Awesome Papers: 2016-12-4

Deep Reinforcement Learning with Averaged Target DQN

Oron Anschel, Nir Baram, Nahum Shimkin

The commonly used Q-learning algorithm combined with function approximation induces systematic overestimations of state-action values. These systematic errors might cause instability, poor performance and sometimes divergence of learning. In this work, we present the Averaged Target DQN (ADQN) algorithm, an adaptation to the DQN class of algorithms which uses a weighted average over past learned networks to reduce generalization noise variance. As a consequence, this leads to reduced overestimations, more stable learning process and improved performance.
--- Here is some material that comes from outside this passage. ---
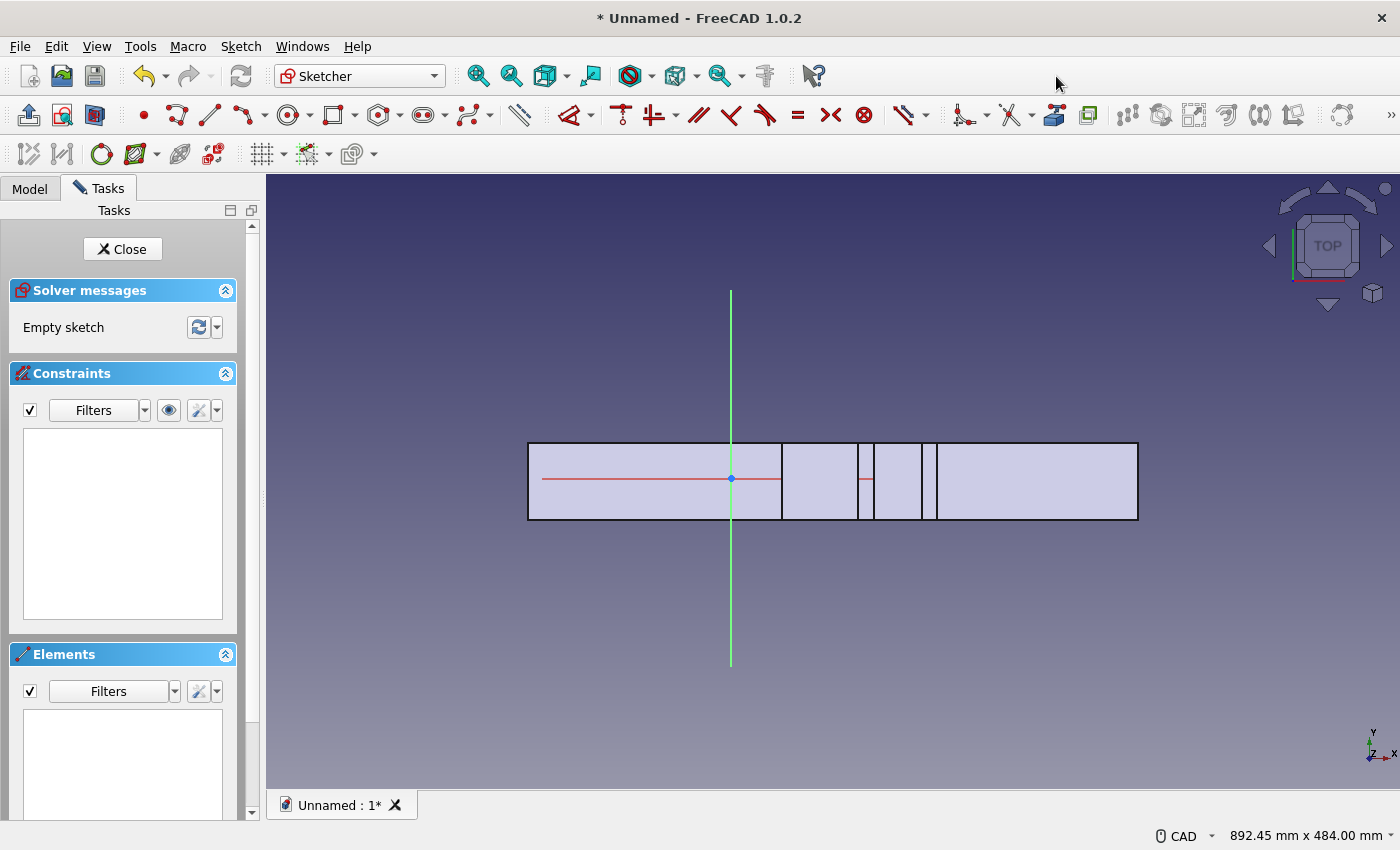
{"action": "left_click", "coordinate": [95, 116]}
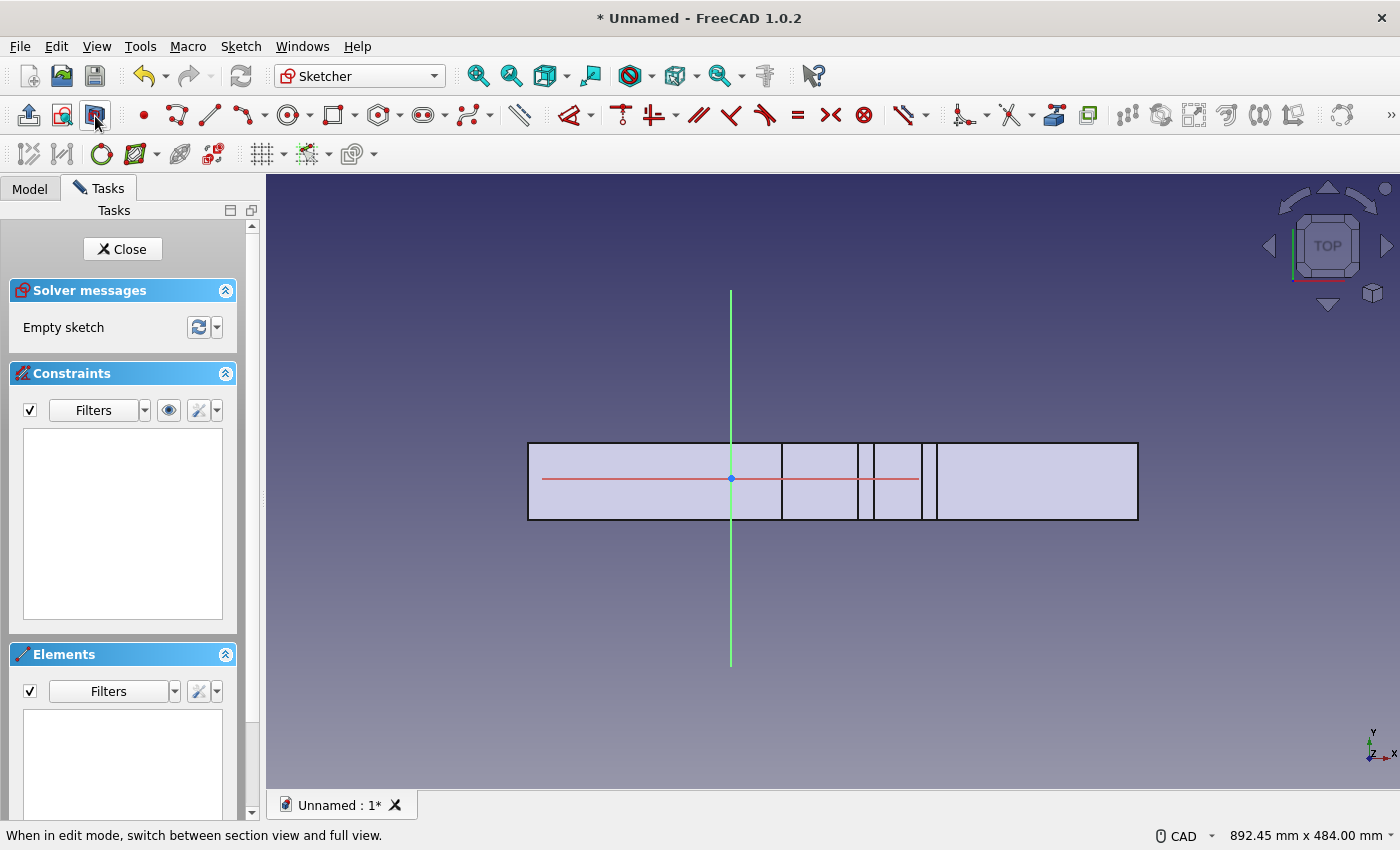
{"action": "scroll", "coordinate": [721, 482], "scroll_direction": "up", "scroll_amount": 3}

Additionally, we analyze ADQN variance reduction along trajectories and demonstrate the performance of ADQN on a toy Gridworld problem, as well as on several of the Atari 2600 games from the Arcade Learning Environment.

有平均目标DQN的深度强化学习

通常使用的Q学习算法与函数近似相结合诱导了对状态动作值的系统高估。这些系统性错误可能导致不稳定、性能不佳,有时还会有学习分歧。在这次研究中,我们提出平均目标DQN(ADQN)算法——一个适应DQN类的算法,使用加权平均过去学习的网络,来减少广义噪声方差。结果会导致减少高估、更稳定的学习过程和改进的性能。此外,我们还分析了沿轨迹的ADQN方差减少,并证明ADQN对玩具Gridworld问题的性能,以及来自Arcade学习环境的几个Atari 2600游戏。


Safe and Efficient Off-Policy Reinforcement Learning

Rémi Munos, Tom Stepleton, Anna Harutyunyan, Marc G. Bellemare

In this work, we take a fresh look at some old and new algorithms for off-policy, return-based reinforcement learning. Expressing these in a common form, we derive a novel algorithm, Retrace(λ), with three desired properties: (1) it has low variance; (2) it safely uses samples collected from any behaviour policy, whatever its degree of “off-policyness”; and (3) it is efficient as it makes the best use of samples collected from near on-policy behavior policies. We analyze the contractive nature of the related operator under both off-policy policy evaluation and control settings and derive online sample-based algorithms. We believe this is the first return-based off-policy control algorithm converging a.s. to Q∗ without the GLIE assumption (Greedy in the Limit with Infinite Exploration). As a corollary, we prove the convergence of Watkins’ Q(λ), which was an open problem since 1989. We illustrate the benefits of Retrace(λ) on a standard suite of Atari 2600 games.

安全有效的离策略强化学习

在这次研究中,我们重新考虑了一些旧的和新的算法,用于离策略、基于回报的强化学习。用一个共同的形式表现这些,我们导出一个新的算法,Retrace(λ),它具有三个期望的属性:(1)它具有低方差;(2)它安全地使用从任何行为策略收集的样本,无论其“违规”程度如何;(3)它是高效的,因为它很好地利用从近在策略行为策略收集的样本。我们在离策略策略评估和控制设置下分析相关运算符的收缩性质,并得出基于样本的在线算法。我们认为这是第一个基于回报的离策略控制算法收敛a.s.到Q *,没有GLIE假设(贪婪在无限探索的极限)。作为推论,我们证明了Watkins的Q(λ)的收敛,这是1989年以来的一个开放问题。我们解释了Retrace(λ)对Atari 2600游戏的标准套件的好处。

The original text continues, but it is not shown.